Consider your event having its very own personal webpage but only do if you can regularly maintain the site.

Ask for your local newspaper to send a reporter and photographer on the day of your event.  And of course, Group B Strep Support might be able to help there too.

The middle period

So the groundwork is done, your actively advertising your event and no doubt getting some feedback and hopefully a general good vibe that all will be OK.  Ensure the major entertainments are booked on the right day and your key personnel still plan on being there.  If it is an outside event is there a contingency for bad weather?  Are there any insurances that need to be paid? An example being a bouncy castle, does your nominated chef for your BBQ have the relevant current food hygiene qualifications?  What if they are ill on the day?  Do you require items like gazebos?  Where are they going to come from?  Do these types of items need to be purchased?

The Raffle

Most events will involve a raffle, this is because it is one of the major revenue sources.

To sell tickets you’ll need decent prizes…

In terms of obtaining the prizes, this is where you need to develop a thick skin – you may choose to contact many local attractions or amenities about the possibility of contributing towards your day.

If you start getting lots of small value items donated like boxes of chocolate, cheap wine etc. it may be better to consider turning them into hampers.  As the prizes start to come in, it’s a good idea to say thank you using social media – this has the added benefit of keeping the event in the minds of the community.

If you are lucky to have a highly attended event, the sale-on-the-day tickets can become problematic as it can become very difficult to keep up with demand – this is where it becomes important to have the correct pricing of the ticket and a well organised ticket sale area – my advice is to have one or more of your event team specifically in place for that purpose.

If possible task someone with updating a spreadsheet with the winning ticket number and colour if using multi coloured tickets and allocate against the prize.

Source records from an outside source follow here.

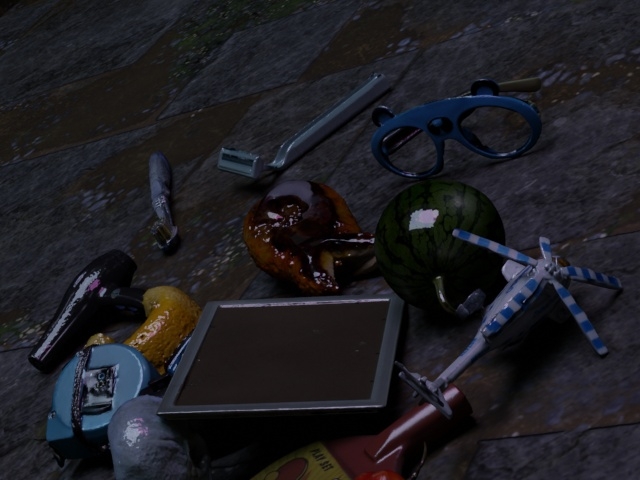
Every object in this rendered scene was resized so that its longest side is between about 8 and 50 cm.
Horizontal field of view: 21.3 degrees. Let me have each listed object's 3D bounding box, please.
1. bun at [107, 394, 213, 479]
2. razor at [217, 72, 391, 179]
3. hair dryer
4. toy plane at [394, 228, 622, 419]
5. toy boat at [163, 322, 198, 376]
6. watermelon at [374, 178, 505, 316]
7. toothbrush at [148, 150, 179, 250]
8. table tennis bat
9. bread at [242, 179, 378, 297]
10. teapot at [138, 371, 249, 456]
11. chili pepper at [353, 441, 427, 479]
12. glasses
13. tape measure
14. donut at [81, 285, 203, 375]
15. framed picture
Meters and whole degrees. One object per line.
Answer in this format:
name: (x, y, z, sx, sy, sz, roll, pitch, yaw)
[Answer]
bun: (-0.156, 0.219, 1.712, 0.083, 0.141, 0.141, -24, 23, 12)
razor: (-0.011, -0.161, 2.463, 0.278, 0.056, 0.111, -31, 23, -22)
hair dryer: (-0.263, 0.100, 2.206, 0.219, 0.075, 0.195, 7, 51, 44)
toy plane: (0.175, 0.093, 1.634, 0.273, 0.182, 0.107, -63, 2, -39)
toy boat: (-0.122, 0.126, 1.975, 0.061, 0.060, 0.137, 23, 50, 32)
watermelon: (0.129, 0.014, 1.803, 0.140, 0.141, 0.187, -24, 27, 13)
toothbrush: (-0.239, -0.068, 2.546, 0.035, 0.042, 0.413, -28, 20, 3)
table tennis bat: (0.011, 0.240, 1.606, 0.310, 0.038, 0.200, -36, 24, -7)
bread: (-0.008, 0.004, 2.066, 0.139, 0.095, 0.269, -37, 37, -11)
teapot: (-0.150, 0.184, 1.828, 0.177, 0.096, 0.087, -24, 23, 13)
chili pepper: (0.054, 0.244, 1.480, 0.086, 0.084, 0.192, 7, 44, 30)
glasses: (0.199, -0.145, 2.162, 0.239, 0.102, 0.207, -13, 0, 37)
tape measure: (-0.240, 0.184, 1.935, 0.125, 0.081, 0.146, -11, 54, 20)
donut: (-0.214, 0.127, 2.055, 0.181, 0.078, 0.146, -33, 22, -3)
framed picture: (-0.032, 0.122, 1.789, 0.232, 0.019, 0.296, -2, 20, 9)

You may find that some of the items you acquire for you raffle would suit an auction.  Typical examples being signed football shirts, golf days etc. Make sure they are clearly identified as being part of the auction and not the raffle.

The auctioneer must be identified before the event and it’s a good idea to promote your auction items on social media beforehand- more publicity for the event as a whole.

The week before the event

I suggest booking at least 2 or 3 days off work prior to the event – it will reduce your stress levels enormously.  Keep an eye on the weather forecast but don’t get obsessed. Get everyone together for one final meet-up and make sure there is a contingency if for any reason one of the event team cannot attend.  Just get confirmation from any entertainment of what time they will be arriving to setup and if necessary inform the venue. Little details like that need to be checked in order to avoid stress on the big day.

Ramp up the social media – get everyone you know to help share, retweet, and put posters up at their workplace anything really….

Go to the venue – get a mental picture in your head about where everything will go, identify the power sources.  Who is going to need them?

You will be feeling quietly confident by this stage.

The day before the event

If you get the agreement of those associated with the venue, do anything you can the day before such as putting up gazebos, bunting, GBS posters, blowing up balloons etc. – it all saves time.

Relax…. Early night!

The day of the event

You’ve planned and worked tirelessly for this day so keep telling yourself it’s your event and do all you can to enjoy it! Get to the venue well before the start time and try not to worry!

Good luck!  – But you won’t need it after all the planning and time you have put in.

And finally, feel proud!  You and your team have done an excellent job.